[Records from a dataset]
■ ■ ■ ■

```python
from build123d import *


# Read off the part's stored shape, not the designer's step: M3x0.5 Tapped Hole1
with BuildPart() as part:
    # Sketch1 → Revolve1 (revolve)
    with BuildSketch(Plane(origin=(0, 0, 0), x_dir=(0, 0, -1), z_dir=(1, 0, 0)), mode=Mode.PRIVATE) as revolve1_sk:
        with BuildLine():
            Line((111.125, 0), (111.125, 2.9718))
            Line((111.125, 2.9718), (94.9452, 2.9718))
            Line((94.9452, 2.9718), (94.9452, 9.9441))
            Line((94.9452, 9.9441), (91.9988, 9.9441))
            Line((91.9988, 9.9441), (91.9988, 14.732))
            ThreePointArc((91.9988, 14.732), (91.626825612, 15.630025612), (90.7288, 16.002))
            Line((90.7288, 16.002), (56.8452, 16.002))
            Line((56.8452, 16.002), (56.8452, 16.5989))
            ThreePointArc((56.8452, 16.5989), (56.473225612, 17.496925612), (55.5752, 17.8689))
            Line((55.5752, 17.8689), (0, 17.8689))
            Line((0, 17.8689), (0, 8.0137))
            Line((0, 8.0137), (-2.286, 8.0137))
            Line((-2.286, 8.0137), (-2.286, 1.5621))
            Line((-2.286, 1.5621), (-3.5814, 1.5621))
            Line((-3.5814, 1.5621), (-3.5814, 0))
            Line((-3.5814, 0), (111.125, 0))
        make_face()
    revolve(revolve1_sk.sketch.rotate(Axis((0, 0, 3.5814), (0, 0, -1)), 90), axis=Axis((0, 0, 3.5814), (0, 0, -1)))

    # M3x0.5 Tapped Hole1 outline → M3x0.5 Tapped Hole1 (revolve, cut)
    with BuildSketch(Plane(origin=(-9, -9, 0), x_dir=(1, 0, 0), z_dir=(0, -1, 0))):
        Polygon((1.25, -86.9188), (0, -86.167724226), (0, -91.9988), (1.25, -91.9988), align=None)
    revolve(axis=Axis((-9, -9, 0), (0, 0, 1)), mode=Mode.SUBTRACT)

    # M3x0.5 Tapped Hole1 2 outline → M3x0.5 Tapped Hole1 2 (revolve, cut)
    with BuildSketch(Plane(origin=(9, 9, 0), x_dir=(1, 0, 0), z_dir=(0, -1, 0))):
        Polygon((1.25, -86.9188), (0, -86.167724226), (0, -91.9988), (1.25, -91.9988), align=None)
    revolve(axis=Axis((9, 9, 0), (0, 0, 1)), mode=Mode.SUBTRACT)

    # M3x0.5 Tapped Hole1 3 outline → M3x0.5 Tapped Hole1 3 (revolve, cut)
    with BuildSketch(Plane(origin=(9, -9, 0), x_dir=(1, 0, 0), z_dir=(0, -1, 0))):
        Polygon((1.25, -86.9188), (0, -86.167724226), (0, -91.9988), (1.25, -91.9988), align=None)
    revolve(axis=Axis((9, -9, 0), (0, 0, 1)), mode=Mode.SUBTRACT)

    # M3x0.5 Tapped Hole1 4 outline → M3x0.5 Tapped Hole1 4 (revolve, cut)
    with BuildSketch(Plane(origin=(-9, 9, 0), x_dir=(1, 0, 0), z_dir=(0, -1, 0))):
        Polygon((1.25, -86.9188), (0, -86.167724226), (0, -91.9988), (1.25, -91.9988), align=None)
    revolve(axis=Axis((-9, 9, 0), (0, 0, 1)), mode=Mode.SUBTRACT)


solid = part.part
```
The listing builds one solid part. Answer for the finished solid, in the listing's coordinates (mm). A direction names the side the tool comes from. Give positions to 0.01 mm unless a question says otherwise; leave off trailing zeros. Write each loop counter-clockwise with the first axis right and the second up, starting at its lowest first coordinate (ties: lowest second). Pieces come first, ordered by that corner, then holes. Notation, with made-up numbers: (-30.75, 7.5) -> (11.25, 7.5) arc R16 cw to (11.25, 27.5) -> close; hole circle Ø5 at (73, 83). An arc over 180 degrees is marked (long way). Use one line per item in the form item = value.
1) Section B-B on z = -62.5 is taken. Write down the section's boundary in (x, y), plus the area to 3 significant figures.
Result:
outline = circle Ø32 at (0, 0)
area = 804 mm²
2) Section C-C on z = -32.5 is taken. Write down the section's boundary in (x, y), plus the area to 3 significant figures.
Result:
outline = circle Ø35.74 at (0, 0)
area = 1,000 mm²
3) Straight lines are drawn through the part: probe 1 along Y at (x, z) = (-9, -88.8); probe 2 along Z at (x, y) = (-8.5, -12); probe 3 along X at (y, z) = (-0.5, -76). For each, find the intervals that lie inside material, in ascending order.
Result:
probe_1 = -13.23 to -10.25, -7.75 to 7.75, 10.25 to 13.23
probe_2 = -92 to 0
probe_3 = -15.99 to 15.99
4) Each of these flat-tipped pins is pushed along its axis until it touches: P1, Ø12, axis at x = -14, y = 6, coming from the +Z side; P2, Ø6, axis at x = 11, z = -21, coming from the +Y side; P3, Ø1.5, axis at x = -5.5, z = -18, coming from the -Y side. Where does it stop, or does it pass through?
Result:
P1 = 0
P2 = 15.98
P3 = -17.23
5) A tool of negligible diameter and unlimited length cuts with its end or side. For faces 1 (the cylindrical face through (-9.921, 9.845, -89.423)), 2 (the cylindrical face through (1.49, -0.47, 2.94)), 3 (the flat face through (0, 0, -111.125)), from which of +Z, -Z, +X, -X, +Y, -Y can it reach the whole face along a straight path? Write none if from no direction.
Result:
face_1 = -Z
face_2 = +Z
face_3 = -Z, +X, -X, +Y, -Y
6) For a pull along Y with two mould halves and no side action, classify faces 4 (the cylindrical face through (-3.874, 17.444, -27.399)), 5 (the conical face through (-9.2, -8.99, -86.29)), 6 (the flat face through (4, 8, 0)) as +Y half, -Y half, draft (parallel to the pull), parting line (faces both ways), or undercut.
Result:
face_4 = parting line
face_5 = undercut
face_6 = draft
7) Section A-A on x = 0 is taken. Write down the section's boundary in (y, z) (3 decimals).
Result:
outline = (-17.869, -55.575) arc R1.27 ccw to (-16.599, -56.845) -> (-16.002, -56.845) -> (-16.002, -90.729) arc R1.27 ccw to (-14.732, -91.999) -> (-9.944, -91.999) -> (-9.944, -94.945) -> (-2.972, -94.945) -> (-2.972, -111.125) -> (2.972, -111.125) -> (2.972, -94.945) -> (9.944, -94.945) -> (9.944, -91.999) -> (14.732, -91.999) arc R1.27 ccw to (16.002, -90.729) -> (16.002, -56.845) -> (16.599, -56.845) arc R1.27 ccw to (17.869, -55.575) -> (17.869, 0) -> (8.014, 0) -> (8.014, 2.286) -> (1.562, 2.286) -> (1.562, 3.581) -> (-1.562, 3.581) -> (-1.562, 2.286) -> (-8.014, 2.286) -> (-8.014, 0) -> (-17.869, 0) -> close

■ ■ ■ ■

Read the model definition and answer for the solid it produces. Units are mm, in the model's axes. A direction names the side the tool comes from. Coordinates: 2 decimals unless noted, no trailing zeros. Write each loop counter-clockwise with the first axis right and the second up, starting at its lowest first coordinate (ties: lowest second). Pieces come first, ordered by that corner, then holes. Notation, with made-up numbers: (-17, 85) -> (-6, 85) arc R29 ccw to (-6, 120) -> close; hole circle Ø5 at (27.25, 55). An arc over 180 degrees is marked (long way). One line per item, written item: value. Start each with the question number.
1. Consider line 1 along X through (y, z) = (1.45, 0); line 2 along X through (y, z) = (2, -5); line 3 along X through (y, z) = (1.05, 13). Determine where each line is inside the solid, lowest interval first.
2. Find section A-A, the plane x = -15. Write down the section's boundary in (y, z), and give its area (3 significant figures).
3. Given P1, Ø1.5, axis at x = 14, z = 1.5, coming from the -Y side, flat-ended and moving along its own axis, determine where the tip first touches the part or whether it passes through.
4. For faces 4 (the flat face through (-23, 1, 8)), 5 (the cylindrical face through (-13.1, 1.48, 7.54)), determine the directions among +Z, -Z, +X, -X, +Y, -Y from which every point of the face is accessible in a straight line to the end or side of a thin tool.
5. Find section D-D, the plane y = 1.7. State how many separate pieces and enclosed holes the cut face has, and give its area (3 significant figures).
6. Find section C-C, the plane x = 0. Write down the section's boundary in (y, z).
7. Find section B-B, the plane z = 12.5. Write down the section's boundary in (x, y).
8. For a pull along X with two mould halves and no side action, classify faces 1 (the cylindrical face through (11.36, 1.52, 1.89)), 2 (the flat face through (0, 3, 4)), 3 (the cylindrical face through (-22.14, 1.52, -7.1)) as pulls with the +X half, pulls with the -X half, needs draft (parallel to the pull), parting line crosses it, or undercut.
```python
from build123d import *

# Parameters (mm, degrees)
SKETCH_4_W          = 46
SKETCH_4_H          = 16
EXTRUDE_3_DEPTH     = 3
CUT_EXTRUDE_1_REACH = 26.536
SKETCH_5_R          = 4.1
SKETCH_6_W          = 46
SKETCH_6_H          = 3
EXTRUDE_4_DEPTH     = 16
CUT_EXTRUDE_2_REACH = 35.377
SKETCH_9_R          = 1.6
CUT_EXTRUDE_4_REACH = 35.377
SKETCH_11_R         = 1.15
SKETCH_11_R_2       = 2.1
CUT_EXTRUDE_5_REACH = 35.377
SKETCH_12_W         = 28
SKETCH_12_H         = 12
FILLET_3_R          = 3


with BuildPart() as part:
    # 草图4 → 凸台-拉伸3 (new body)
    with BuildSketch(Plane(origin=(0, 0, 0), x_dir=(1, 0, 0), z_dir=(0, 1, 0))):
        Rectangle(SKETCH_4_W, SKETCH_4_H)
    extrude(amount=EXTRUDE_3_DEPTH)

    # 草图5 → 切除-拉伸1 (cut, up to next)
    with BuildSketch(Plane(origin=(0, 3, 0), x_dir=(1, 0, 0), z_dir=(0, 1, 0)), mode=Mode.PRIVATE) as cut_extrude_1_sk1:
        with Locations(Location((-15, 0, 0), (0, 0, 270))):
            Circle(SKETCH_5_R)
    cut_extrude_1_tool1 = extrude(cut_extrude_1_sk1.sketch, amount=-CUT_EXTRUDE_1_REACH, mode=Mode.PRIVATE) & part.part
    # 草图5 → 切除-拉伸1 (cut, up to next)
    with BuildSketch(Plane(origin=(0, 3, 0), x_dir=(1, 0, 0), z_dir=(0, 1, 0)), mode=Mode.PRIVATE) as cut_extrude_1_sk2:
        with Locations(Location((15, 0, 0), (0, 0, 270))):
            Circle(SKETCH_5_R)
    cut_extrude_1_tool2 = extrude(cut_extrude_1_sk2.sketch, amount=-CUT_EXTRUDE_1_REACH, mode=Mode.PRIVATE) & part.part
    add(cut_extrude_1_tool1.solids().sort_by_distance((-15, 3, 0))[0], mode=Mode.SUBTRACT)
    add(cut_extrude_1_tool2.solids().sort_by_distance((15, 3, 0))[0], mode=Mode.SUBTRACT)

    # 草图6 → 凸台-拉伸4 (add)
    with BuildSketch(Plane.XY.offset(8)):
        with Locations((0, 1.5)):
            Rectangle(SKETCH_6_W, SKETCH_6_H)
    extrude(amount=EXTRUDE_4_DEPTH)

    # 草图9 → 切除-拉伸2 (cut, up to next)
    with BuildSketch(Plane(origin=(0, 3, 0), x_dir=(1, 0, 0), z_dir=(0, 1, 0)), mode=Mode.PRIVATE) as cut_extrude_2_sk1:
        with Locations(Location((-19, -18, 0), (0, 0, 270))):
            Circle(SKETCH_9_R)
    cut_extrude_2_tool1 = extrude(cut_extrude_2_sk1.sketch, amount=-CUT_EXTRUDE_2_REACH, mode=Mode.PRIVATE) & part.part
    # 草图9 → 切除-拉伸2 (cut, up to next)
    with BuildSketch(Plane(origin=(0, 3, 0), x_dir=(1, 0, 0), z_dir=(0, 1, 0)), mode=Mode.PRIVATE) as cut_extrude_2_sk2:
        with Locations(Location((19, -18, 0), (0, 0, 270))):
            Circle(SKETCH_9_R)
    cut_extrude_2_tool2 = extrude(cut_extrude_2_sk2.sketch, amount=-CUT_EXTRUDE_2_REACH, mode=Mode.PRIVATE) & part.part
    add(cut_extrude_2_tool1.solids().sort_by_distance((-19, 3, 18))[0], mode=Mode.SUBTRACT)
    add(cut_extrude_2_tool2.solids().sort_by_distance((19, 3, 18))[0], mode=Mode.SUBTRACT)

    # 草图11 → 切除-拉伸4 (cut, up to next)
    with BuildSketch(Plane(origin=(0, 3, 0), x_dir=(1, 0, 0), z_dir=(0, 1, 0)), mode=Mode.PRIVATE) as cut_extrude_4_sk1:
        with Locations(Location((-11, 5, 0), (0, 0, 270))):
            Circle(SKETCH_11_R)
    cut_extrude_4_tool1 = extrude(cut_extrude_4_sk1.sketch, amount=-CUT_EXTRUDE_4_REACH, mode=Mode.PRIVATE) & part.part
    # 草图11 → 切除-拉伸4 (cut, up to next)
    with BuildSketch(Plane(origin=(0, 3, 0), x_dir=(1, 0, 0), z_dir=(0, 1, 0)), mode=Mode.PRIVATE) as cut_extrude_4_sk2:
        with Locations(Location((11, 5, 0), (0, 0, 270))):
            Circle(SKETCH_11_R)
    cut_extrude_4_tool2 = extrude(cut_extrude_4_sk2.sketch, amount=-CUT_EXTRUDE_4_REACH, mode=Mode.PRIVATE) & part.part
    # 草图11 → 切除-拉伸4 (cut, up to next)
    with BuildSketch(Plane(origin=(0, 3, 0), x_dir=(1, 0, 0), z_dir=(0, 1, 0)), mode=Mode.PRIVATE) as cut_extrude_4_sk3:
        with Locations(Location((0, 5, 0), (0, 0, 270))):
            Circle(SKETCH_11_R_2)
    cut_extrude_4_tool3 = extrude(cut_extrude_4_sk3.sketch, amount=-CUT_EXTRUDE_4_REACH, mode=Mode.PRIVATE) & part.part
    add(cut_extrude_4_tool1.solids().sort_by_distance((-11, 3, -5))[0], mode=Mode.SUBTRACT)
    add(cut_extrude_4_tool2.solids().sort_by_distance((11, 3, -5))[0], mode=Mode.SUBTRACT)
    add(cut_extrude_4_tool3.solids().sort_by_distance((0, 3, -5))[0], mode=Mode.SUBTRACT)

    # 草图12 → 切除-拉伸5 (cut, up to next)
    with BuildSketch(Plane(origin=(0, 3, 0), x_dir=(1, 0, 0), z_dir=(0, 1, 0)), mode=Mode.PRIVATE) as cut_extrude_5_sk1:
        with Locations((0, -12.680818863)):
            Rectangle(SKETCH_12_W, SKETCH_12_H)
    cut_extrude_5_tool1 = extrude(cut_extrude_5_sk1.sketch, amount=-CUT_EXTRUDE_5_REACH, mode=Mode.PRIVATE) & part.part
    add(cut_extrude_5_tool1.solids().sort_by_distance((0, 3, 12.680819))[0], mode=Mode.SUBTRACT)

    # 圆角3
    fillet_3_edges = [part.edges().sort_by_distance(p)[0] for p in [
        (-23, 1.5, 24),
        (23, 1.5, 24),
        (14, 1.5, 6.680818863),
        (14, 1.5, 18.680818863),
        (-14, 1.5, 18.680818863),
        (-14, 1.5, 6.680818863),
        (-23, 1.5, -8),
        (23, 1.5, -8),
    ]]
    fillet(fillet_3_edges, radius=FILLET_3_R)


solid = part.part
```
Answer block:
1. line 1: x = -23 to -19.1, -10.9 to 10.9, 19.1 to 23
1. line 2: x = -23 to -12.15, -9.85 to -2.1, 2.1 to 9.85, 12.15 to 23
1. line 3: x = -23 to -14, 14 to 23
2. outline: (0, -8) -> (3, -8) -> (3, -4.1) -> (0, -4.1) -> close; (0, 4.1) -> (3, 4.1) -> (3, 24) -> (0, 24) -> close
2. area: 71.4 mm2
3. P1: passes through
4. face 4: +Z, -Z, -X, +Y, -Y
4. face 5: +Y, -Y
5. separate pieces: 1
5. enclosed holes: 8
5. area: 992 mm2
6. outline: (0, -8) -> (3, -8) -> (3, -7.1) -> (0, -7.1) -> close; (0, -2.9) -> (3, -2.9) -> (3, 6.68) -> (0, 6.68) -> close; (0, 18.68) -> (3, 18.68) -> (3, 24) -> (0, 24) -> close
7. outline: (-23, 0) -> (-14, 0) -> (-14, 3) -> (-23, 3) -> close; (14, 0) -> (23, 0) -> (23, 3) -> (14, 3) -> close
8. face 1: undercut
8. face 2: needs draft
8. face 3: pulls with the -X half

■ ■ ■ ■

> PROBLEM REQUIREMENTS: All lines holding the word "enclosed" must be copied from the data.

> FINISHED EXERCISE:
5. Find section D-D, the plane y = 1.7. State how many separate pieces and enclosed holes the cut face has, and give its area (3 significant figures).
5. enclosed holes: 8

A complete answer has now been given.